La réussite manifeste du film tenant en partie au jeu d’un naturel déconcertant du jeune débutant Daichi Watanabe [6] qui exprime à travers cette chronique de l’adolescence un spectre émotionnel allant du comique naïf, au ridicule assumé en passant par l’émotion contenue. Sa grâce timide ne semble jamais poussive ou feinte, malgré la mise en scène qui tend à enrober l’ensemble dans une sorte de candeur au velouté nostalgique. Par sa pureté innocente, il parvient à traduire avec conviction les troubles de l’âge de la puberté masculine, sans jamais tomber dans l’introspection torturée ou le sentimentalisme béotien, rappelant ainsi la vigueur joyeuse des seishun eiga (films de jeunesse) d’antan.

Si le wonder boy Kankuro Kudo, auteur du brillant scénario de Iden & Tity, a cette fois cédé sa place à Kosuke Mukai (Linda Linda Linda), l’esprit de Jun Miura demeure intact, servi à merveille par la mise en scène appliquée de Taguchi. En faisant un saut temporel à rebours des années 80 aux années 70, le cinéaste poursuit avec sensibilité et sincérité ses chroniques musicales généreuses, célébrant la jeunesse perdue tout autant que l’affirmation de l’individu au travers de son épanouissement artistique, pour le plus grand nombre et notre plus grande joie.

Site officiel du film (en Japonais) http://shikisoku.jp

Oh, My Buddha ! a été présenté dans la section Nippon Cinema au cours de la 10ème édition du Festival du film Japonais de Francfort Nippon Connection (2010).

Oh, my Buddha ! est d’ores et déjà disponible en DVD Japonais en édition simple ainsi qu’en édition limitée incluant un livret et un CD édité par Bandai.
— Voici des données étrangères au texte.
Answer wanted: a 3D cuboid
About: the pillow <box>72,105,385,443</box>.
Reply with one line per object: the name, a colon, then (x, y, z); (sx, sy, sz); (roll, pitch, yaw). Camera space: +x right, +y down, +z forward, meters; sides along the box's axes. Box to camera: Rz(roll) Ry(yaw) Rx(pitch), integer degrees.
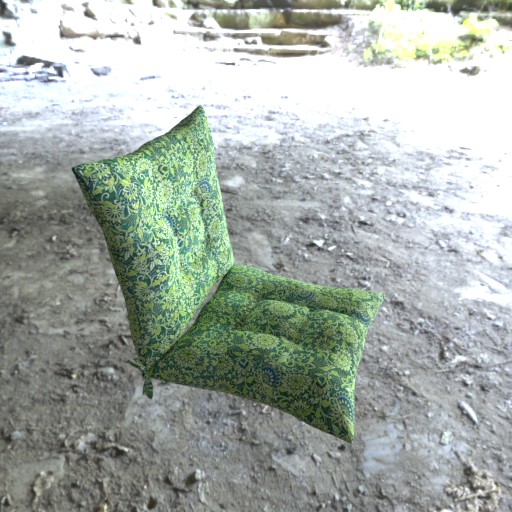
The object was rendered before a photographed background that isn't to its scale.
pillow: (0.000, 0.000, 1.019); (0.585, 0.536, 0.541); (11, 33, 17)
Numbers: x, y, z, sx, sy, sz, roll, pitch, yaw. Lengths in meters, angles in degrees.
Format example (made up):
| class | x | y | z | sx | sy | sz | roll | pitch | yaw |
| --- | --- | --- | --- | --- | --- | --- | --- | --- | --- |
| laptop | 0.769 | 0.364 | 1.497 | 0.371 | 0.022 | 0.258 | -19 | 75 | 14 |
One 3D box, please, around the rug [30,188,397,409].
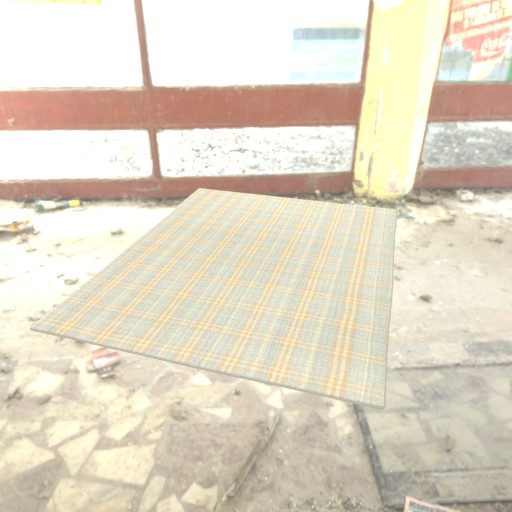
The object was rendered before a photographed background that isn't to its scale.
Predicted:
| class | x | y | z | sx | sy | sz | roll | pitch | yaw |
| --- | --- | --- | --- | --- | --- | --- | --- | --- | --- |
| rug | 0.000 | 0.000 | 4.105 | 2.462 | 0.030 | 3.066 | 8 | 30 | 15 |

Inutile de préciser qu’aucune de ces éditions ne comportent le moindre sous-titre.

[1L’une des îles de l’archipel d’Oki situé au nord des côtes de l’île de Honshu.
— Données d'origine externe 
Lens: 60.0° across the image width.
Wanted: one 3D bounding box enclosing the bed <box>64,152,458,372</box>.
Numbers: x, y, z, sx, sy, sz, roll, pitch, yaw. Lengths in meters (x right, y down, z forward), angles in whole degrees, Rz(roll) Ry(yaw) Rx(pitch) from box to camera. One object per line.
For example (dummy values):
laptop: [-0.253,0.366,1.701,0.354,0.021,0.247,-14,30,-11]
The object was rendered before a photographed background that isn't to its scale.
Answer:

[2Chanteur et guitariste de Quruli, un des tous meilleurs groupes de rock alternatif de l’archipel.

[3Groupe formé par Eikichi Yazawa en 1972, qui devint une légende dans l’archipel avant de se séparer en 1975. Un film réalisé par Jin Tatsumura et co-produit par l’Art Theater Guild en 1974 leur étant même dédié.

[4Chanteur Japonais culte de blues folk dans les années 70, doté d’une voix caractéristique à la sonorité âpre, noueuse et gutturale.

[5Le titre original Shikisoku Zenereishion, est un jeu de mots construit sur le principe Bouddhiste ou dicton « Shiki-zoku zeku », signifiant en Japonais « la vanité de toute chose ».

[6Par ailleurs chanteur du groupe punk Kuroneko Chelsea.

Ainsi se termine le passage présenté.